“IT is hard to grow up and live in my constituency without developing personal connections with what is known locally simply as the tax office.”
Those words, spoken by then Labour MP Gregg McClymont in 2014, reveal the scale of the toll the closure of HMRC Cumbernauld would take on the Scottish town.
Officially designated as a “new town” in 1955 to help deal with overspill from Scotland’s largest population centres, Cumbernauld’s HMRC office opened in 1978 in an effort to bring jobs to the area.
But now, despite rhetoric of levelling up and decentralisation, the Tory government are reversing that policy.
READ MORE: HMRC Cumbernauld closure: Scotland wasn't levelled up, it was let down
“HMRC is now concentrating jobs in city centres,” Adam Smith, an SNP council candidate for Cumbernauld East, PCS trade union man and HMRC employee told The National.
“Glasgow, Edinburgh, Newcastle, Liverpool, Belfast, Cardiff, Birmingham, it’s all the big cities.
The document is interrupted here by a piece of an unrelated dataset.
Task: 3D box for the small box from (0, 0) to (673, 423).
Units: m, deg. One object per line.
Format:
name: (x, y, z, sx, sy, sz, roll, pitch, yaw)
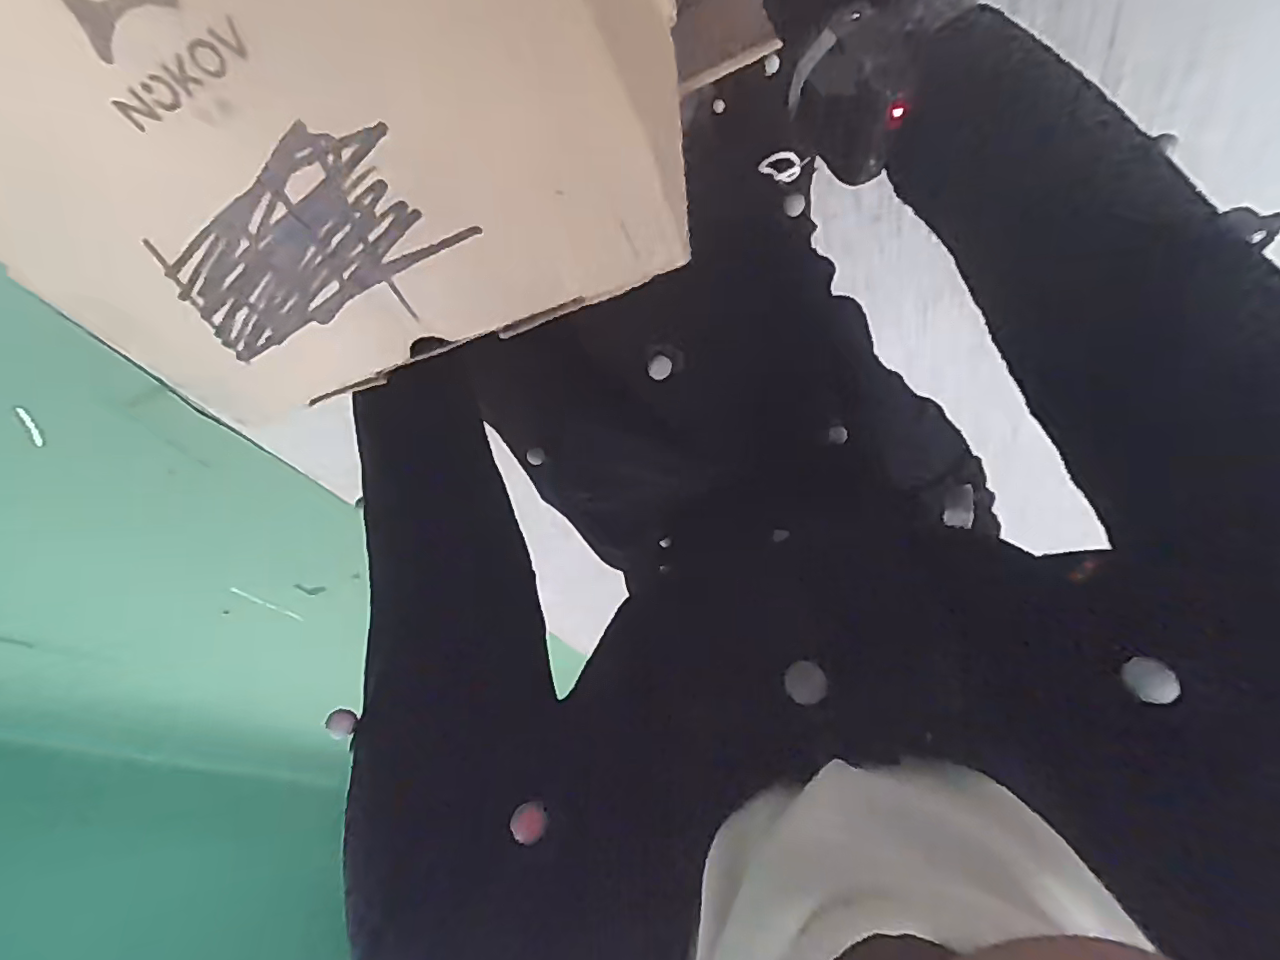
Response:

It’s the complete opposite of this levelling-up agenda that the Tories are trying to promote,” he said.
John Miller, the PCS branch chair and Smith’s colleague at the tax office, added: “They’re taking employment out of the areas that need it most.”
With around 1400 jobs at the HMRC site in a town of 23,000 households, it is little wonder that everyone we spoke to said the same thing: there’s no-one in Cumbernauld who doesn’t know someone who works there.
In fact, some families have seen three generations all working on the site on St Mungo’s Road, which now looks set to be demolished and replaced with 160 houses.
But the loss of jobs from the town will have a wider-reaching impact, with knock-on effects hitting local businesses and taking much-needed foot traffic away from an already suffering high street.
READ MORE: Do Unionists still think we are Better Together as HMRC Cumbernauld closes?
An economic impact survey conducted in 2019 was responded to by around 55% of all workers at the HMRC office and found some sobering statistics.
It estimated that more than £222,000 a year which those 55% of staff alone said they spent on lunches in the town centre’s cafes, sandwich shops and chippies would evaporate, along with more than £700,000 spent in the area’s supermarkets.
Furthermore, a massive 81.7% of respondents said they planned to relocate to Glasgow after the Cumbernauld site shut, as the new HMRC office will be in the centre of Scotland’s largest city.
With jobs and people leaving the town, who is going to buy and live in the 160 new houses planned to be built once the HMRC office has been demolished?
“That’s the question we’ve been asking,” Miller says.